Some speed benchmarking

Finally, here are some speed tests that were behind some of the design choices above. As it turns out, none of it matters very much. As mentioned above, R can calculate the weighted percentiles for hundreds of thousands of observations grouped by year in only a couple of seconds, so I didn’t need to worry about that. But in case it matters, here’s my core conclusions from running the benchmarking below

• reldist::wtd.quantile is about twice as fast as Desctools::Quantile in calculating weighted quantiles and gives near-identical results.
• setting labels = FALSE in a call to cut() makes the function about four times as fast
• dplyr::slice_sample takes about the same time to do a sample with unequal probability of selection as a home made function using base::sample, but sampling:strata function is about twice as fast.
• my final homemade function wt_percent_rank for weighted percentile ranks is about four times slower than the unweighted dplyr::percent_rank, but is still plenty fast enough (<5 seconds for 200,000 observations).

Benchmarking code:

#===================speed tests==================

# Some tests done here behind some of the decisions of what is actually used in
# the script above.

#---------------calculating the breaks at various points in quantile---------
set.seed(321)
n <- 100000
x <- exp(rnorm(n))
w <- exp(rnorm(n)) 
p <- 0:1000 / 1000 # percentiles to use in benchmarking qunatile functions


# note modi::weighted.quantile(x, w = w, prob = 0.5) only works with a scalar value of prob
microbenchmark(
  unweighted = quantile(x, probs = p),
  Desctools = DescTools::Quantile(x, weights = w, probs = p),
  reldist = reldist::wtd.quantile(x, q = p, weight = w)
)
# reldist is notably faster than DescTools in fact it is nearly as fast as
# the unweighted base r calculation

# the results are a tiny bit different but usually not:
tibble(
  dt = DescTools::Quantile(x, weights = w, probs = p),
  rd = reldist::wtd.quantile(x, q = p, weight = w)
) |>
  mutate(diff = rd - dt) |>
  arrange(desc(abs(diff)))

#-------------------actually assigning the percentiles to the original data-----------
breaks <- wtd.quantile(x, q = p, weight = w)

microbenchmark(
  cut(x, breaks = breaks),
  cut(x, breaks = breaks, labels = FALSE)
)
# much faster (about 4x) with labels = FALSE


#-------------------sampling with unequal probabilities---------
# sampling a bunch of rows at random with unequal probabilities using
# slice_sample is surprisinglyu slow.
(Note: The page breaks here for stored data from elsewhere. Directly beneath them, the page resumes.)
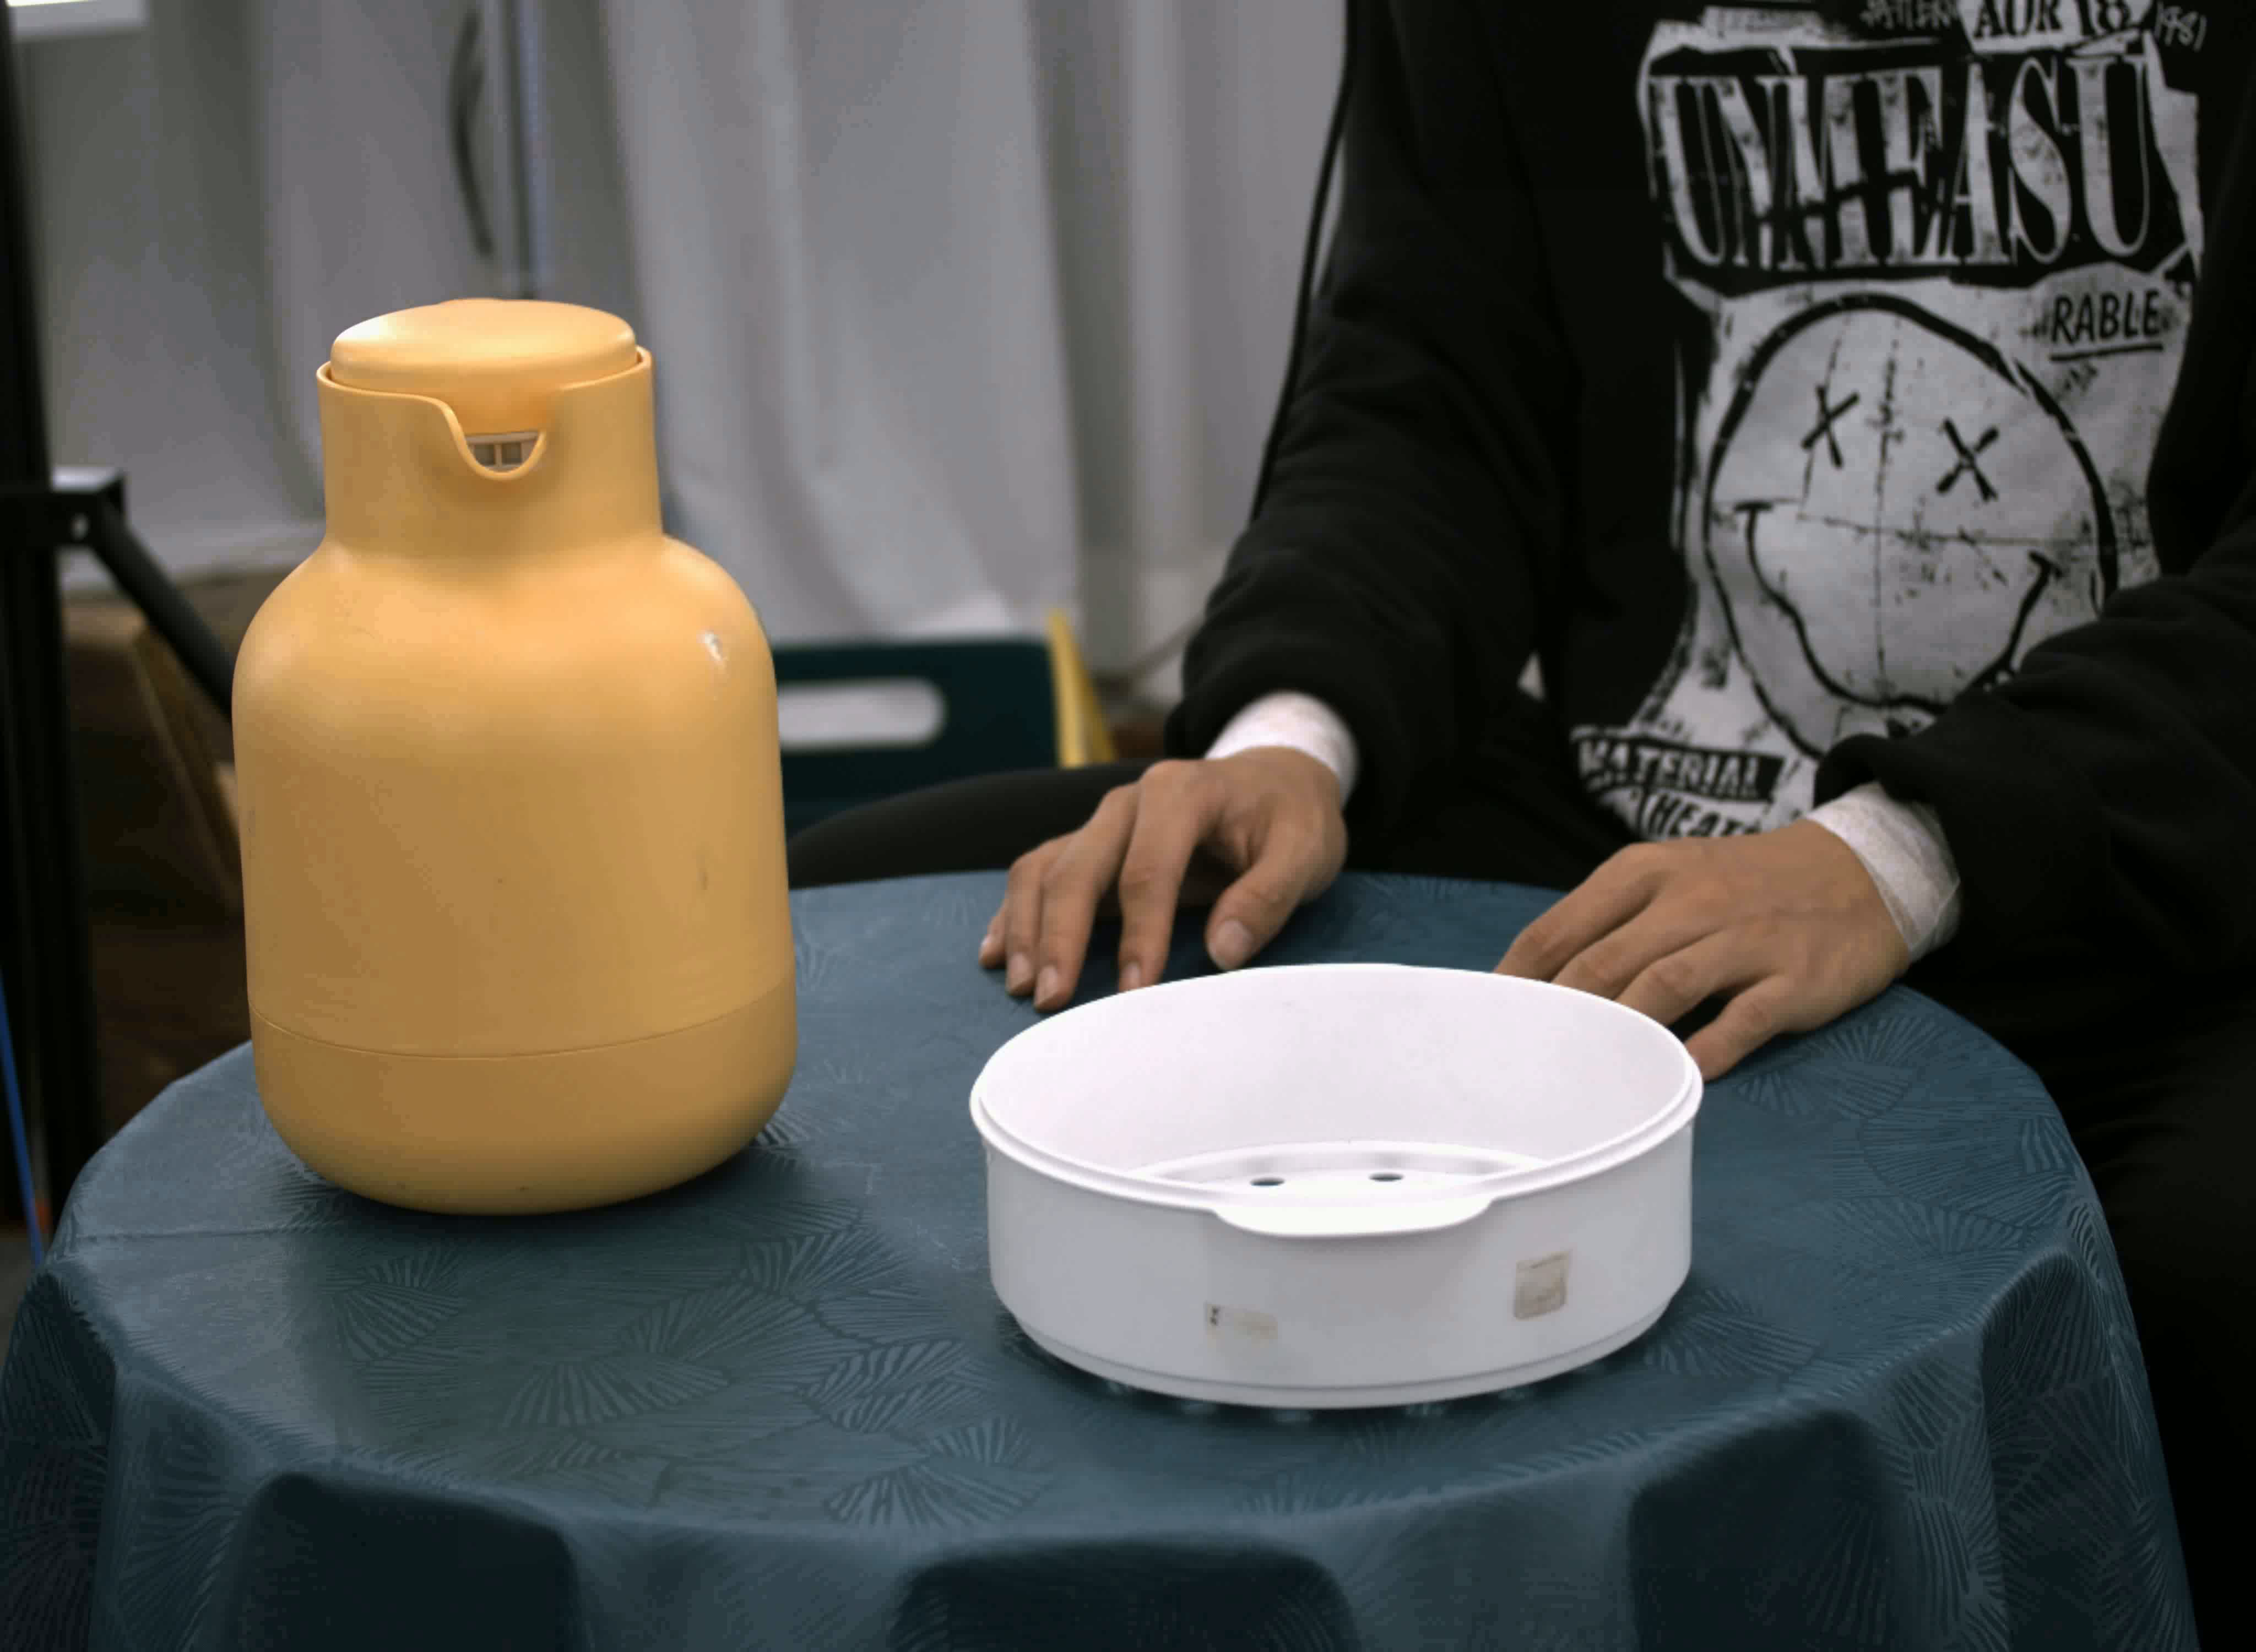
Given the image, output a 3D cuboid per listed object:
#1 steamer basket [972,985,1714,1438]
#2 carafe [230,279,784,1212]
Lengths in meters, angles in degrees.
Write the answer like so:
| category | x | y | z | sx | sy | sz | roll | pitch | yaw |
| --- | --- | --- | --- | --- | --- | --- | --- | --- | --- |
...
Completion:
| category | x | y | z | sx | sy | sz | roll | pitch | yaw |
| --- | --- | --- | --- | --- | --- | --- | --- | --- | --- |
| steamer basket | 0.060 | 0.104 | 1.447 | 0.201 | 0.069 | 0.231 | -3 | 16 | 1 |
| carafe | -0.185 | -0.032 | 1.599 | 0.162 | 0.260 | 0.204 | -1 | 17 | -6 |

Is there a better way?
# try my home made sampler, and also one from the sampling package

eg_d <- tibble(
  x = x, 
  w = w
)

my_sampler <- function(d, n, weight_by){
  id <- 1:nrow(d)
  rows <- sample(id, size = n, prob = weight_by)
  return(d[rows, ])
}


this_n <- 1000
microbenchmark(
  unweighted        = slice_sample(eg_d, n = this_n),
  `weighted dplyr`    = slice_sample(eg_d, n = this_n, weight_by = w),
  `weighted homemade` = my_sampler(eg_d, n = this_n, weight_by = eg_d$w),
  `sampling package` = eg_d[strata(eg_d, 
                          size = this_n, 
                          pik = eg_d$w, 
                          method = "systematic")$ID_unit, ]
)
# times for weighted dplyr and home made funcionts are very similar 
# for this_n of 100, 1000, 10000
# the sampling::strata() function is about twice as fast
# unweighted sampling is much much faster

#---------comparing speed of unweighted and weighted percentile calculation------
microbenchmark(
  wt_percent_rank(x = x, weights = w, probs = p),
  percent_rank(x = x)
)
# Note that the weighted version is 3-4 times slower even after
# not using labels for cut and using the quickest quantile
# calculation we have.


#----------percentile rank for large sample-----------
# simulate similar size data to that which is in
# https://www.demographic-research.org/volumes/vol48/26/48-26.pdf
psid_eg <- tibble(
  x = exp(rnorm(200000, 8, 1)),
  w = exp(rnorm(200000)),
  year = sample(1:10, size = 200000, replace = TRUE))
)

system.time({
  psid_eg |>
    group_by(year) |>
    mutate(wpr = wt_percent_rank(x, weights = w))
})
# < 5 seconds

That’s all, cheerio.

Versioning of this blog post

An earlier version of this post had some speculation about the original referenced paper without me adequately checking what was actually happening. As it’s not relevant for my main point that paragraph has been removed.